Your objective:
Exactly as written, print every line of the listing below and omit its pictures.

Input:
-*-
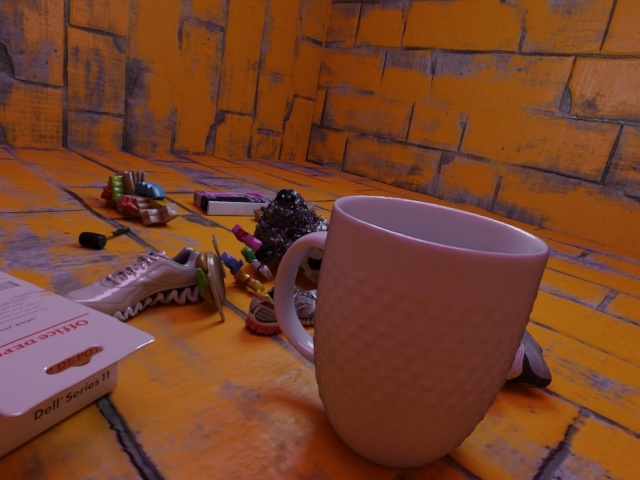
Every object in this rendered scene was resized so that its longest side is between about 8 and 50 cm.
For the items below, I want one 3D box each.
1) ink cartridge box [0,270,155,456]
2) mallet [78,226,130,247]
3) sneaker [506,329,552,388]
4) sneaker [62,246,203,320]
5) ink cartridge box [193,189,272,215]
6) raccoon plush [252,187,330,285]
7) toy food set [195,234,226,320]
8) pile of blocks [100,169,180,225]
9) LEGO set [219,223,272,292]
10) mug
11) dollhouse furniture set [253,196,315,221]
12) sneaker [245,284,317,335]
[{"bbox_3d":[-0.418,0.155,0.559,0.354,0.119,0.207,15,16,20],"label":"ink cartridge box"},{"bbox_3d":[-0.582,-0.014,1.201,0.063,0.039,0.190,12,12,11],"label":"mallet"},{"bbox_3d":[0.401,0.220,0.907,0.108,0.100,0.271,26,21,3],"label":"sneaker"},{"bbox_3d":[-0.363,0.080,0.860,0.110,0.118,0.292,24,22,34],"label":"sneaker"},{"bbox_3d":[-0.317,-0.150,1.779,0.371,0.069,0.176,1,18,-35],"label":"ink cartridge box"},{"bbox_3d":[0.000,0.000,1.240,0.299,0.216,0.446,28,12,6],"label":"raccoon plush"},{"bbox_3d":[-0.236,0.080,0.924,0.039,0.132,0.192,-12,27,-5],"label":"toy food set"},{"bbox_3d":[-0.628,-0.153,1.435,0.362,0.148,0.113,20,19,30],"label":"pile of blocks"},{"bbox_3d":[-0.163,0.069,1.021,0.093,0.087,0.227,32,-20,20],"label":"LEGO set"},{"bbox_3d":[0.085,0.114,0.630,0.374,0.327,0.276,19,18,30],"label":"mug"},{"bbox_3d":[-0.137,-0.083,1.660,0.182,0.101,0.161,24,46,39],"label":"dollhouse furniture set"},{"bbox_3d":[-0.052,0.131,0.912,0.088,0.092,0.225,23,20,39],"label":"sneaker"}]
-*-
Task output:
Every object in this rendered scene was resized so that its longest side is between about 8 and 50 cm.
For the items below, I want one 3D box each.
1) ink cartridge box [0,270,155,456]
2) mallet [78,226,130,247]
3) sneaker [506,329,552,388]
4) sneaker [62,246,203,320]
5) ink cartridge box [193,189,272,215]
6) raccoon plush [252,187,330,285]
7) toy food set [195,234,226,320]
8) pile of blocks [100,169,180,225]
9) LEGO set [219,223,272,292]
10) mug
11) dollhouse furniture set [253,196,315,221]
12) sneaker [245,284,317,335]
[{"bbox_3d":[-0.418,0.155,0.559,0.354,0.119,0.207,15,16,20],"label":"ink cartridge box"},{"bbox_3d":[-0.582,-0.014,1.201,0.063,0.039,0.190,12,12,11],"label":"mallet"},{"bbox_3d":[0.401,0.220,0.907,0.108,0.100,0.271,26,21,3],"label":"sneaker"},{"bbox_3d":[-0.363,0.080,0.860,0.110,0.118,0.292,24,22,34],"label":"sneaker"},{"bbox_3d":[-0.317,-0.150,1.779,0.371,0.069,0.176,1,18,-35],"label":"ink cartridge box"},{"bbox_3d":[0.000,0.000,1.240,0.299,0.216,0.446,28,12,6],"label":"raccoon plush"},{"bbox_3d":[-0.236,0.080,0.924,0.039,0.132,0.192,-12,27,-5],"label":"toy food set"},{"bbox_3d":[-0.628,-0.153,1.435,0.362,0.148,0.113,20,19,30],"label":"pile of blocks"},{"bbox_3d":[-0.163,0.069,1.021,0.093,0.087,0.227,32,-20,20],"label":"LEGO set"},{"bbox_3d":[0.085,0.114,0.630,0.374,0.327,0.276,19,18,30],"label":"mug"},{"bbox_3d":[-0.137,-0.083,1.660,0.182,0.101,0.161,24,46,39],"label":"dollhouse furniture set"},{"bbox_3d":[-0.052,0.131,0.912,0.088,0.092,0.225,23,20,39],"label":"sneaker"}]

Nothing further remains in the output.